# [Task]
Each line at or after the one containing "a) It is located" should be transcribed exactly, up to and including the final line of the data.

<<<<

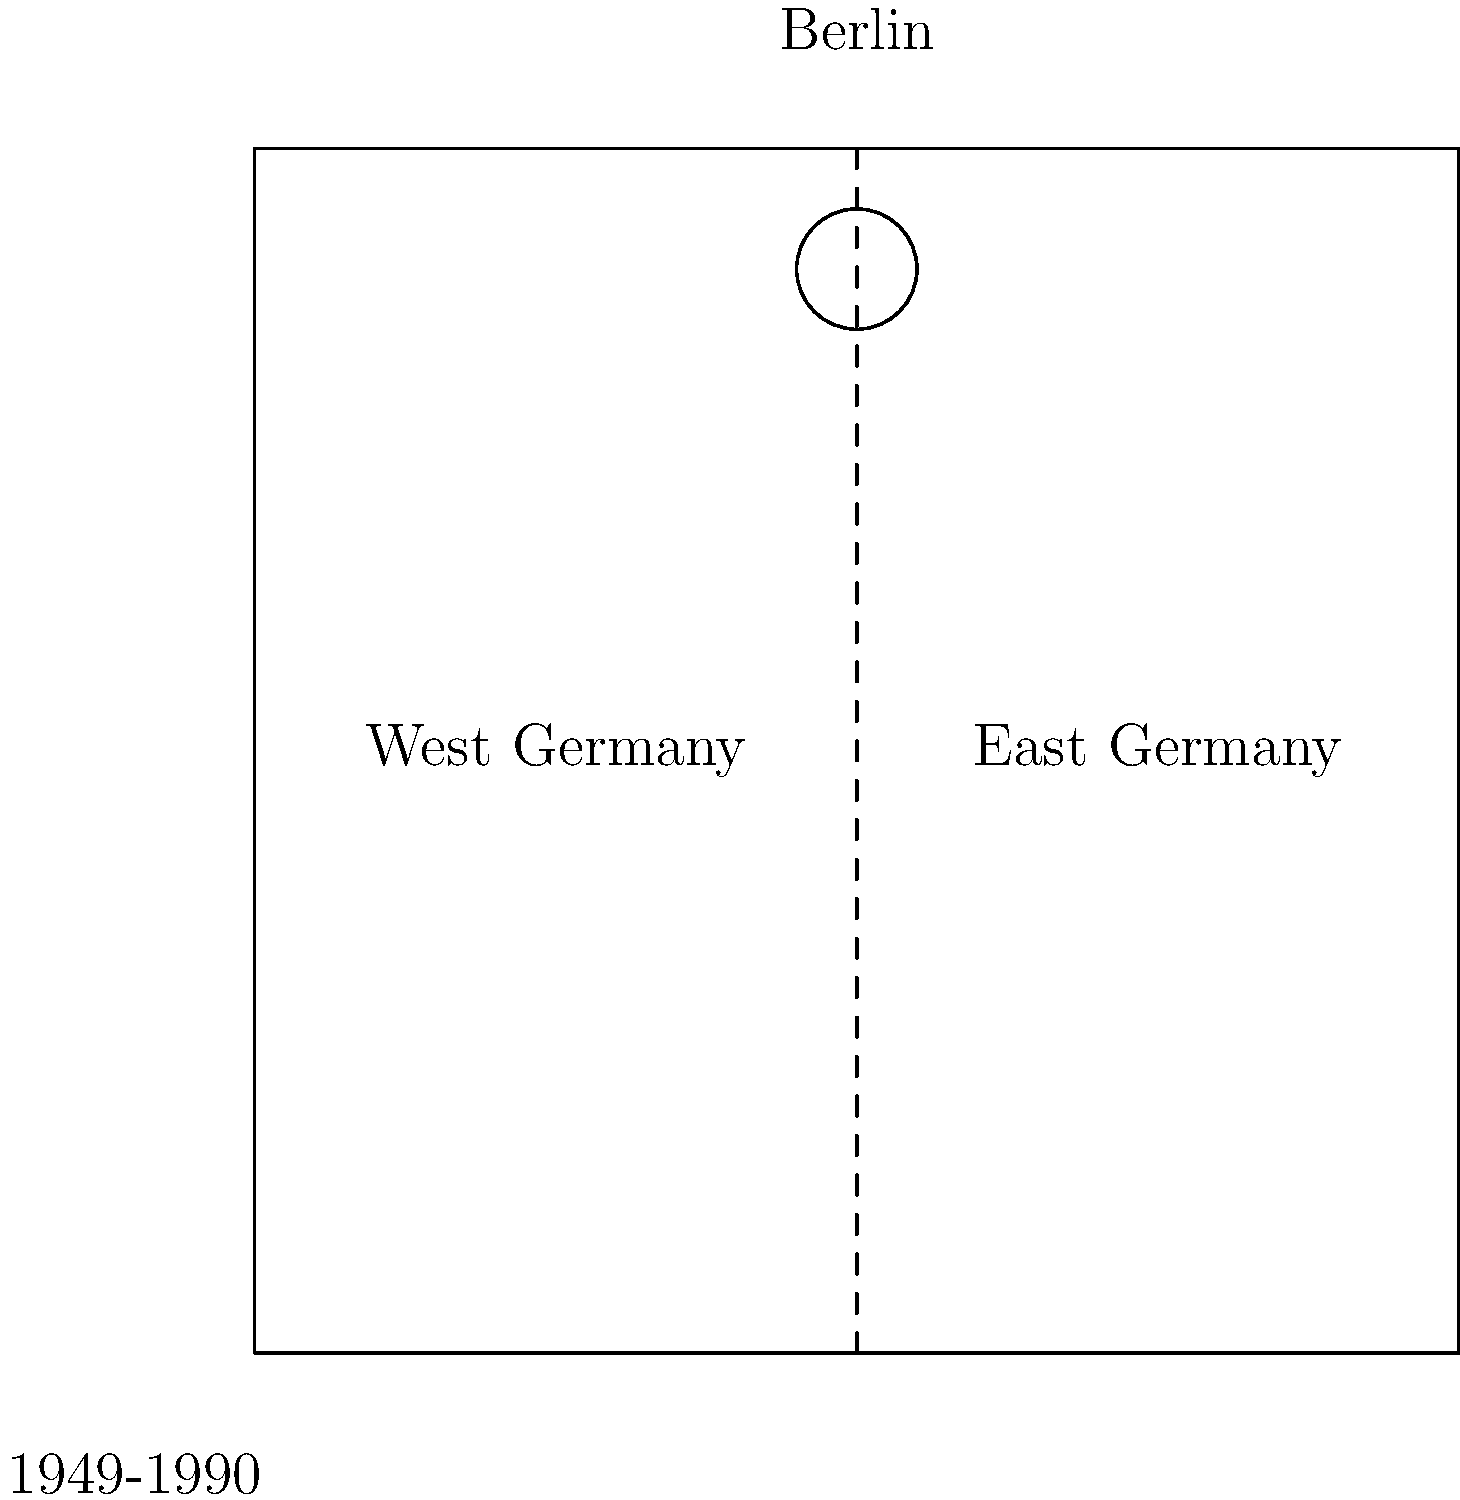Based on the diagram representing the division of Germany during the Cold War, which city served as a focal point of tensions and was itself divided between East and West? To answer this question, we need to analyze the diagram and understand the historical context of Germany during the Cold War:

1. The diagram shows Germany divided into two parts: West Germany on the left and East Germany on the right.

2. This division represents the post-World War II split of Germany into the Federal Republic of Germany (West) and the German Democratic Republic (East).

3. The dashed line in the middle represents the border between East and West Germany, known as the Inner German Border.

4. At the top of the diagram, slightly above the border, there is a circle labeled "Berlin."

5. Berlin's position is significant because:
   a) It is located on the border between East and West Germany.
   b) It is represented as a separate entity from the rest of the divided Germany.

6. Historically, Berlin was indeed divided into East and West sectors, despite being geographically located within East Germany.

7. Berlin became a symbol of the Cold War, with events such as the Berlin Blockade (1948-1949) and the construction of the Berlin Wall (1961) highlighting its importance.

Therefore, the city that served as a focal point of tensions and was itself divided between East and West during the Cold War period was Berlin.
Answer: Berlin

>>>>

# [Task response]
   a) It is located on the border between East and West Germany.
   b) It is represented as a separate entity from the rest of the divided Germany.

6. Historically, Berlin was indeed divided into East and West sectors, despite being geographically located within East Germany.

7. Berlin became a symbol of the Cold War, with events such as the Berlin Blockade (1948-1949) and the construction of the Berlin Wall (1961) highlighting its importance.

Therefore, the city that served as a focal point of tensions and was itself divided between East and West during the Cold War period was Berlin.
Answer: Berlin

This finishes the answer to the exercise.